Fra i requisiti oggettivi del reato vi è la comunicazione della diffamazione “con più persone”, ciò escluderebbe quelle ipotesi di revenge porn, in cui il materiale non è stato condiviso “pubblicamente” su social network o siti web, bensì all’interno di chat private, messaggistica istantanea, email, con un solo altro individuo. Per di più la presenza o assenza della vittima al compimento della “diffamazione”, non varrebbe a declassare l’illecito commesso a semplice ingiuria o a ridurne in qualche modo la gravità.
Atti persecutori (art. 612 bis)[15] e violenza privata (art. 610 c.p.)[16]
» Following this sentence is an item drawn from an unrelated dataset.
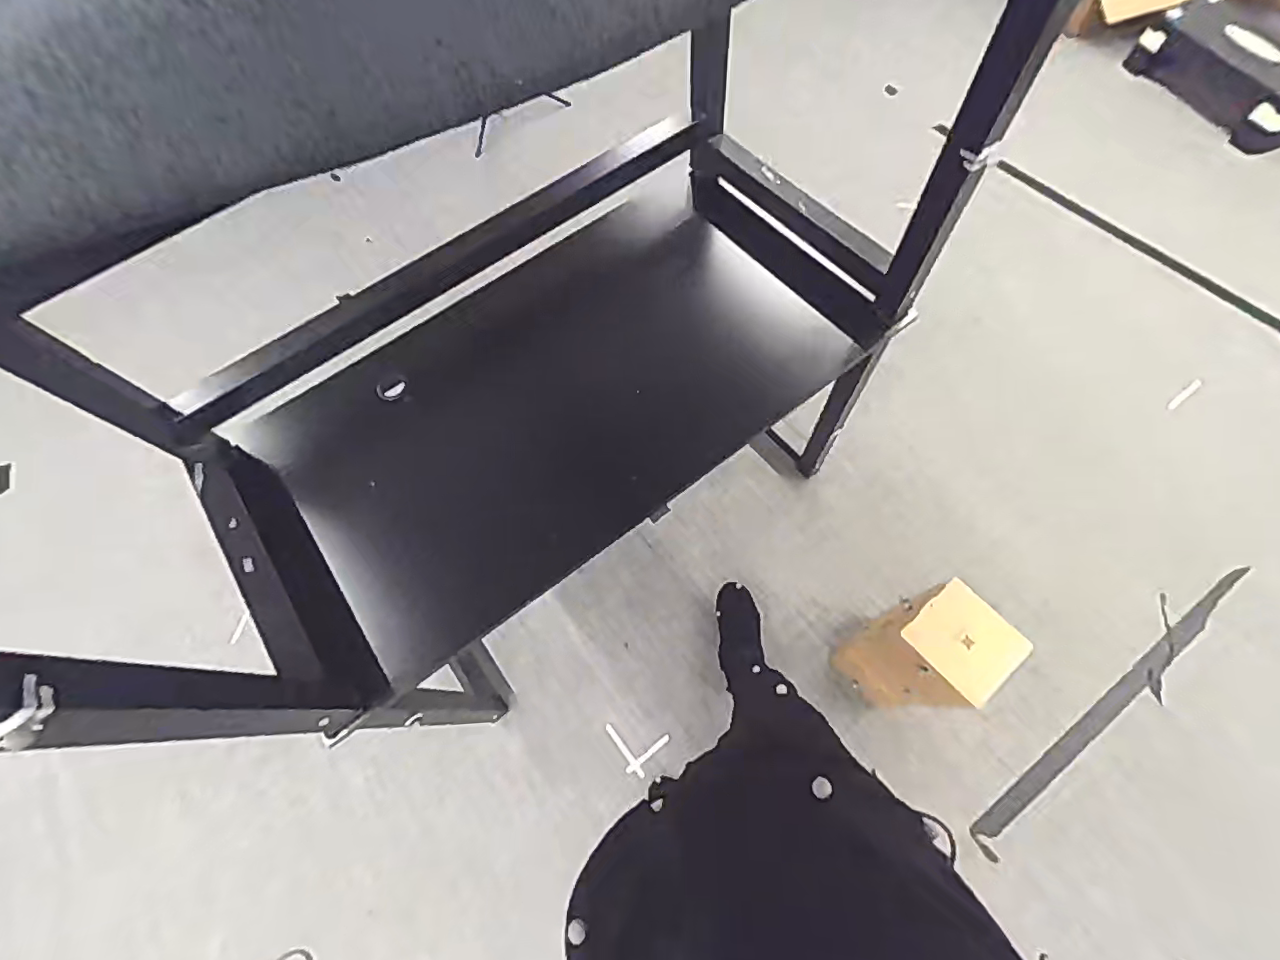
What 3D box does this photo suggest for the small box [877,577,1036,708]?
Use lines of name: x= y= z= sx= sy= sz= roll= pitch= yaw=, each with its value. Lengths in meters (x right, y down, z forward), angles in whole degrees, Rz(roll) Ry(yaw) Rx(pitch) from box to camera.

Cercare di inquadrare il revenge porn all’interno di reati come lo stalking e la violenza privata non è possibile in moltissimi casi, per mancanza di requisiti oggettivi che queste fattispecie di reato richiedono. Non accade così di frequente infatti che la pubblicazione di materiale sessuale non consensuale sia anticipata e/o accompagnata da una minaccia, violenza o molestie ripetute, essendo queste ipotesi, che si configurano solo in una certa percentuale dei casi finora venuti alla luce.
Accesso abusivo ad un sistema informatico o telematico (art. 615 ter c.p.)[17]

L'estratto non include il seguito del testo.